» Exercise: Output all of the data exactly, keeping any images out of the copy.

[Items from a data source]
========
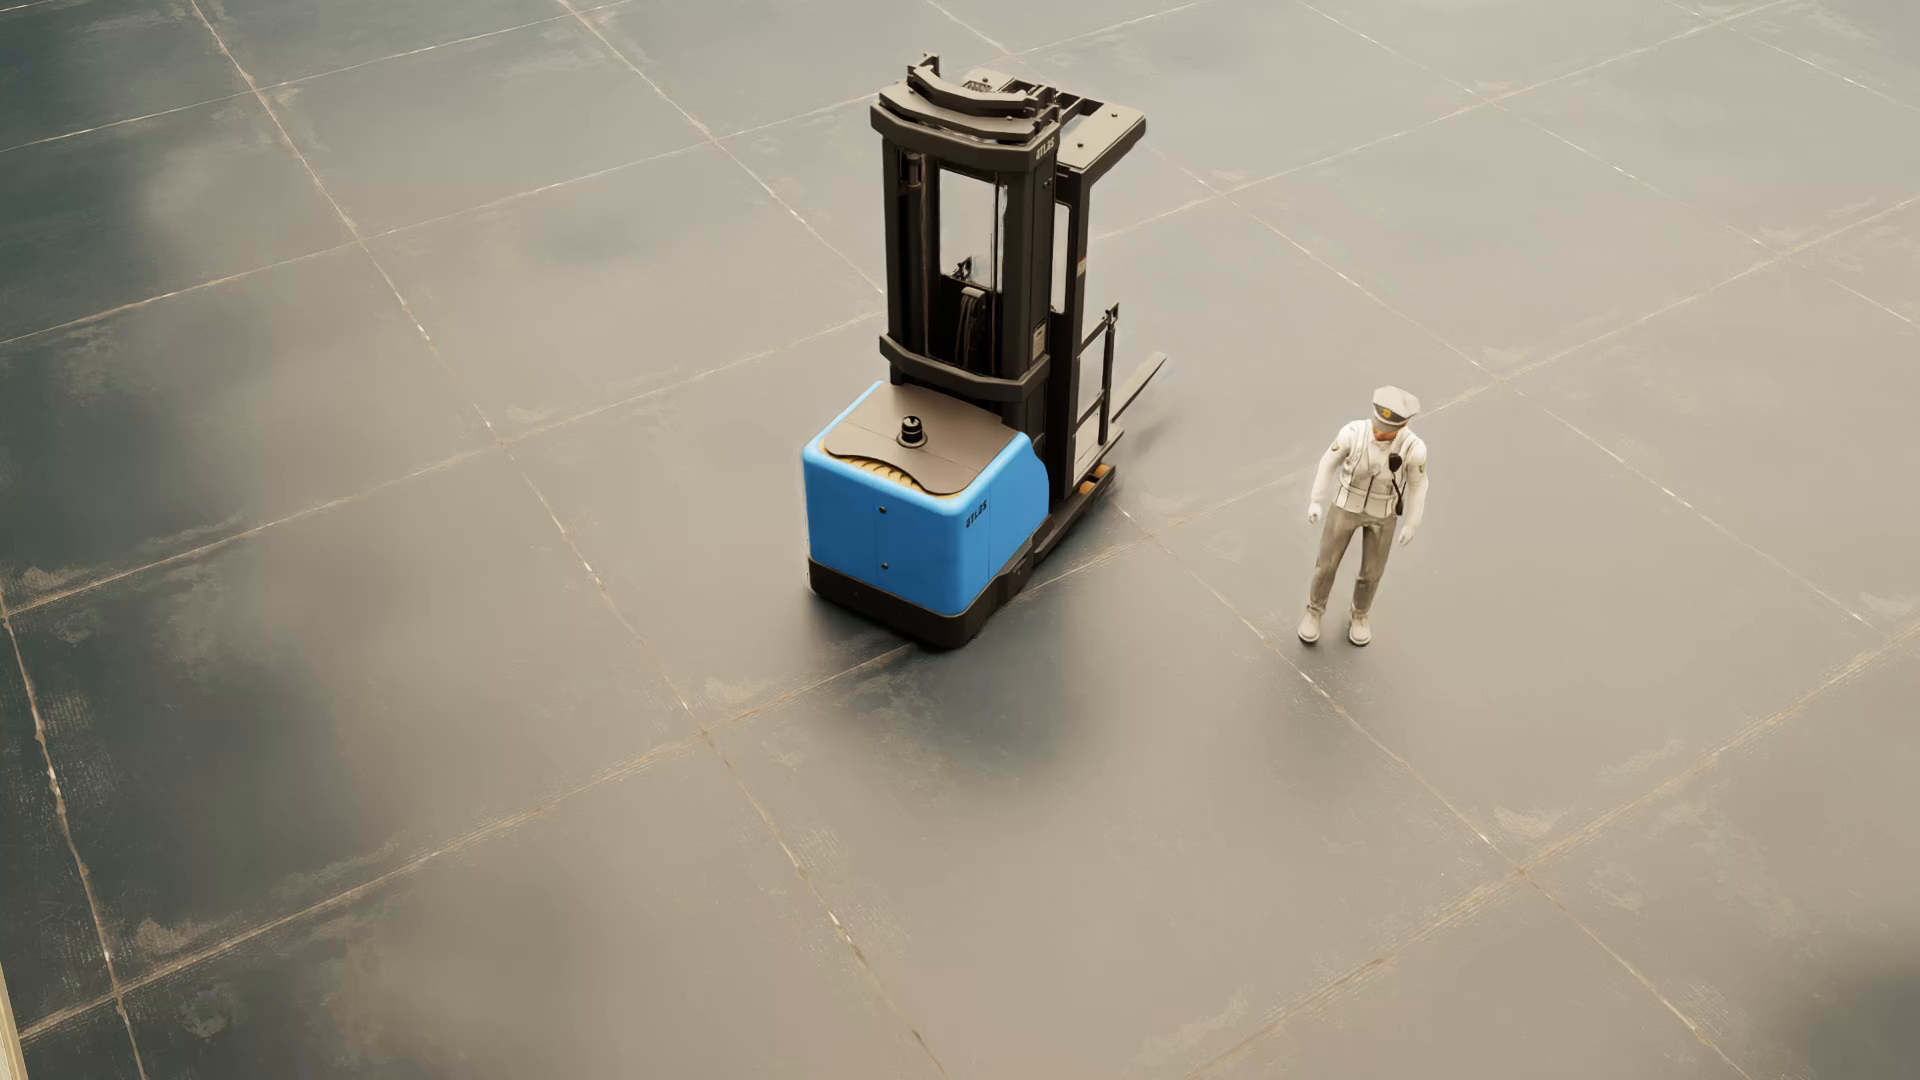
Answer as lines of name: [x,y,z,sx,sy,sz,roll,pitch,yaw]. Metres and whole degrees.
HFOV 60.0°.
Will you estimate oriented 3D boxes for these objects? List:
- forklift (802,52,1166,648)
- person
========
» Exercise response:
Answer as lines of name: [x,y,z,sx,sy,sz,roll,pitch,yaw]. Metres and whole degrees.
HFOV 60.0°.
Will you estimate oriented 3D boxes for these objects? List:
- forklift (802,52,1166,648)
- person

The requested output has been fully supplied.